• Your objective: Please give the listing again in full, leaving out its images.

• Records to use:
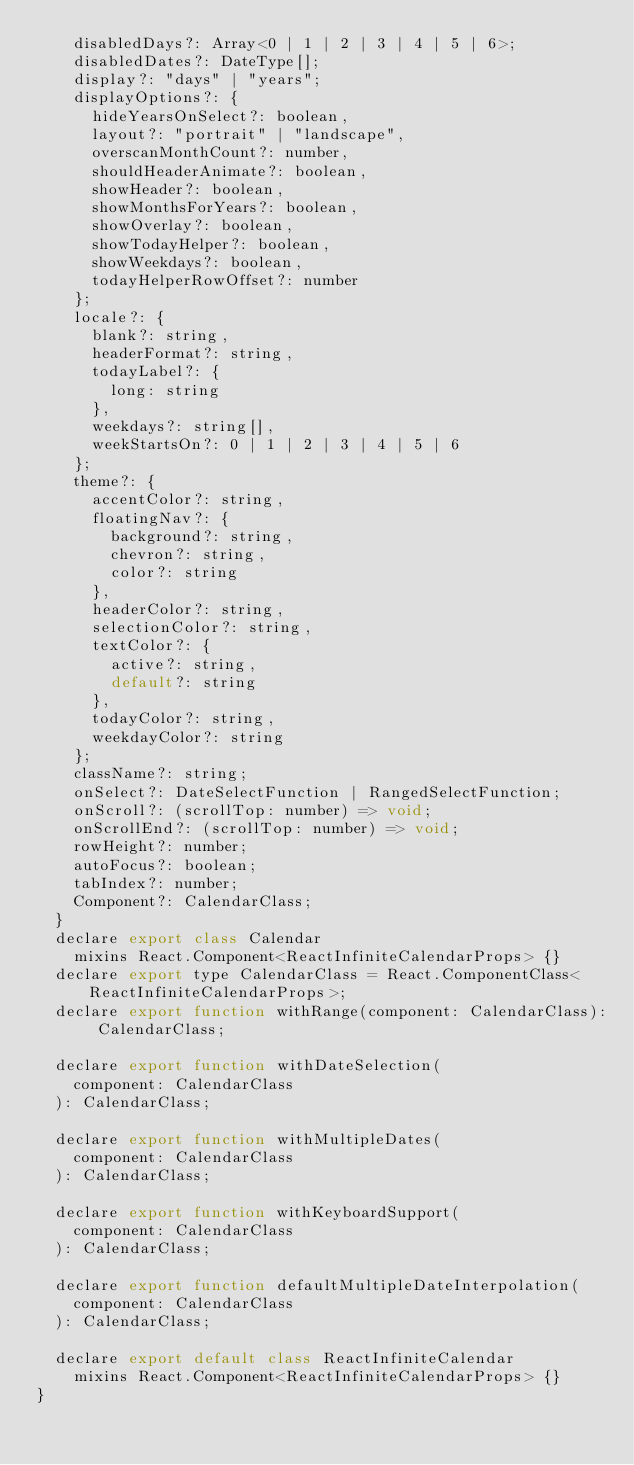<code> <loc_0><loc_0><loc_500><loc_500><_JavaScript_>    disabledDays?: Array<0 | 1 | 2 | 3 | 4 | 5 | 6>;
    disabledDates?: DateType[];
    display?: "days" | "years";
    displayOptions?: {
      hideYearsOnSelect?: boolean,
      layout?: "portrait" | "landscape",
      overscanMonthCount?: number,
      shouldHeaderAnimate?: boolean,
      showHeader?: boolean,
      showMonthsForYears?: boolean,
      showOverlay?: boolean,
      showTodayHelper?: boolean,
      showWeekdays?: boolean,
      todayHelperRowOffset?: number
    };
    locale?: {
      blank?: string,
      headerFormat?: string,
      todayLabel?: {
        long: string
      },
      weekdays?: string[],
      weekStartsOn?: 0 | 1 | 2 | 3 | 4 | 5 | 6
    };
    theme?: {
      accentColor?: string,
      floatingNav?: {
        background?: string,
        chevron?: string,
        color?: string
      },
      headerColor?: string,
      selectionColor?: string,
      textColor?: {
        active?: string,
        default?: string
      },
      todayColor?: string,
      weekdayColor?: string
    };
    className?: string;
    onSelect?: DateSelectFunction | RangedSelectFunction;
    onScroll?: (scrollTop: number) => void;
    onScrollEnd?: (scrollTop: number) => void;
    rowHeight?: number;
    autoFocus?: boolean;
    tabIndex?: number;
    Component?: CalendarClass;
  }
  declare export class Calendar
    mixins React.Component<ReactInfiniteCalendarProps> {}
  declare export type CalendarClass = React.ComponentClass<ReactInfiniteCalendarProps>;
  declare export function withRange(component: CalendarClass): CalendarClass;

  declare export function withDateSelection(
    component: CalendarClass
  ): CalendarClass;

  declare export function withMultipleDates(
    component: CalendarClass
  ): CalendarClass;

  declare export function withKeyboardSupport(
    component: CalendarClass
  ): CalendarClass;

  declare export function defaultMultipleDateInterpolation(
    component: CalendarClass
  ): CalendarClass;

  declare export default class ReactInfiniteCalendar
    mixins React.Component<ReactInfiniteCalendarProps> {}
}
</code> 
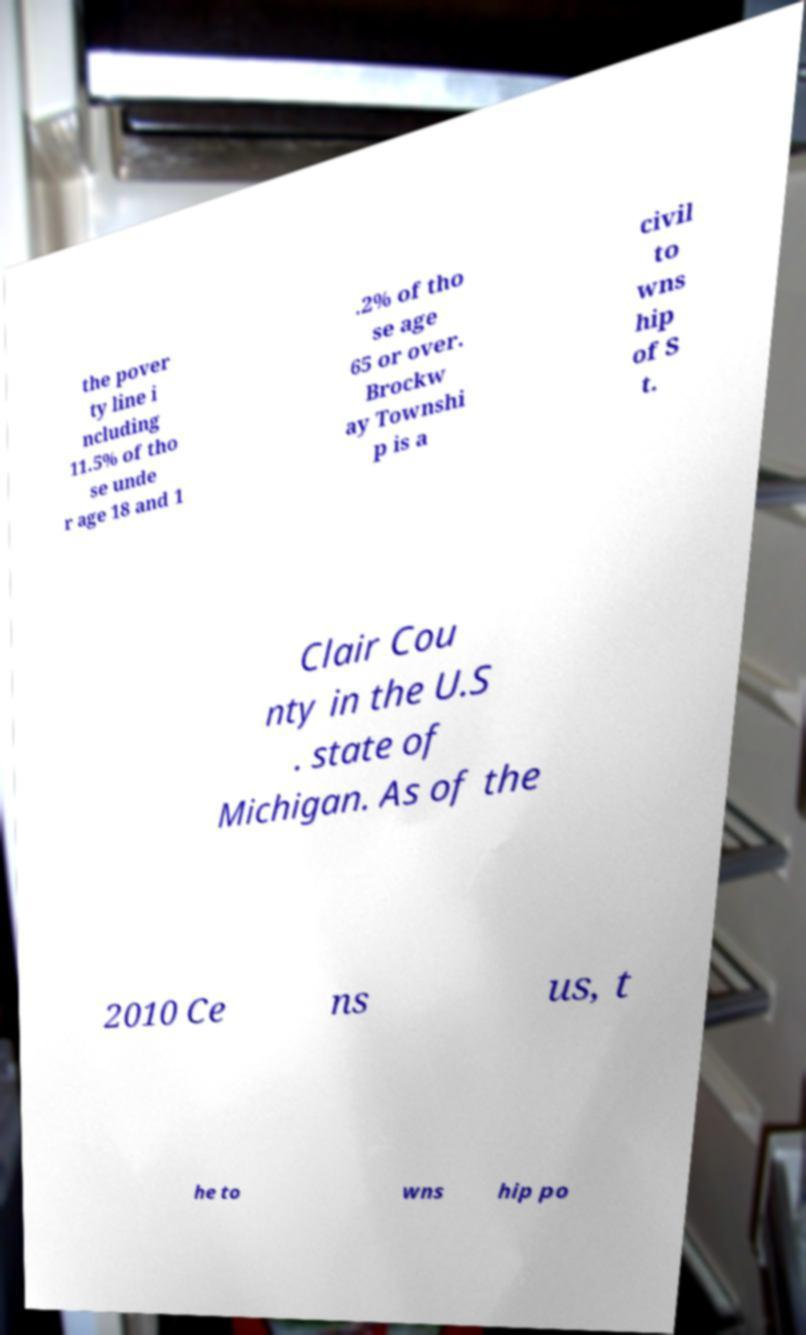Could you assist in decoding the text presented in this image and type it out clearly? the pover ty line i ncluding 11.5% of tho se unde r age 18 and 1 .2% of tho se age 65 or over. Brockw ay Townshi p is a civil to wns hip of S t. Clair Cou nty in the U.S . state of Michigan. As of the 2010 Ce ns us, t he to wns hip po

• Answer:
<code> <loc_0><loc_0><loc_500><loc_500><_JavaScript_>    disabledDays?: Array<0 | 1 | 2 | 3 | 4 | 5 | 6>;
    disabledDates?: DateType[];
    display?: "days" | "years";
    displayOptions?: {
      hideYearsOnSelect?: boolean,
      layout?: "portrait" | "landscape",
      overscanMonthCount?: number,
      shouldHeaderAnimate?: boolean,
      showHeader?: boolean,
      showMonthsForYears?: boolean,
      showOverlay?: boolean,
      showTodayHelper?: boolean,
      showWeekdays?: boolean,
      todayHelperRowOffset?: number
    };
    locale?: {
      blank?: string,
      headerFormat?: string,
      todayLabel?: {
        long: string
      },
      weekdays?: string[],
      weekStartsOn?: 0 | 1 | 2 | 3 | 4 | 5 | 6
    };
    theme?: {
      accentColor?: string,
      floatingNav?: {
        background?: string,
        chevron?: string,
        color?: string
      },
      headerColor?: string,
      selectionColor?: string,
      textColor?: {
        active?: string,
        default?: string
      },
      todayColor?: string,
      weekdayColor?: string
    };
    className?: string;
    onSelect?: DateSelectFunction | RangedSelectFunction;
    onScroll?: (scrollTop: number) => void;
    onScrollEnd?: (scrollTop: number) => void;
    rowHeight?: number;
    autoFocus?: boolean;
    tabIndex?: number;
    Component?: CalendarClass;
  }
  declare export class Calendar
    mixins React.Component<ReactInfiniteCalendarProps> {}
  declare export type CalendarClass = React.ComponentClass<ReactInfiniteCalendarProps>;
  declare export function withRange(component: CalendarClass): CalendarClass;

  declare export function withDateSelection(
    component: CalendarClass
  ): CalendarClass;

  declare export function withMultipleDates(
    component: CalendarClass
  ): CalendarClass;

  declare export function withKeyboardSupport(
    component: CalendarClass
  ): CalendarClass;

  declare export function defaultMultipleDateInterpolation(
    component: CalendarClass
  ): CalendarClass;

  declare export default class ReactInfiniteCalendar
    mixins React.Component<ReactInfiniteCalendarProps> {}
}
</code> 
Could you assist in decoding the text presented in this image and type it out clearly? the pover ty line i ncluding 11.5% of tho se unde r age 18 and 1 .2% of tho se age 65 or over. Brockw ay Townshi p is a civil to wns hip of S t. Clair Cou nty in the U.S . state of Michigan. As of the 2010 Ce ns us, t he to wns hip po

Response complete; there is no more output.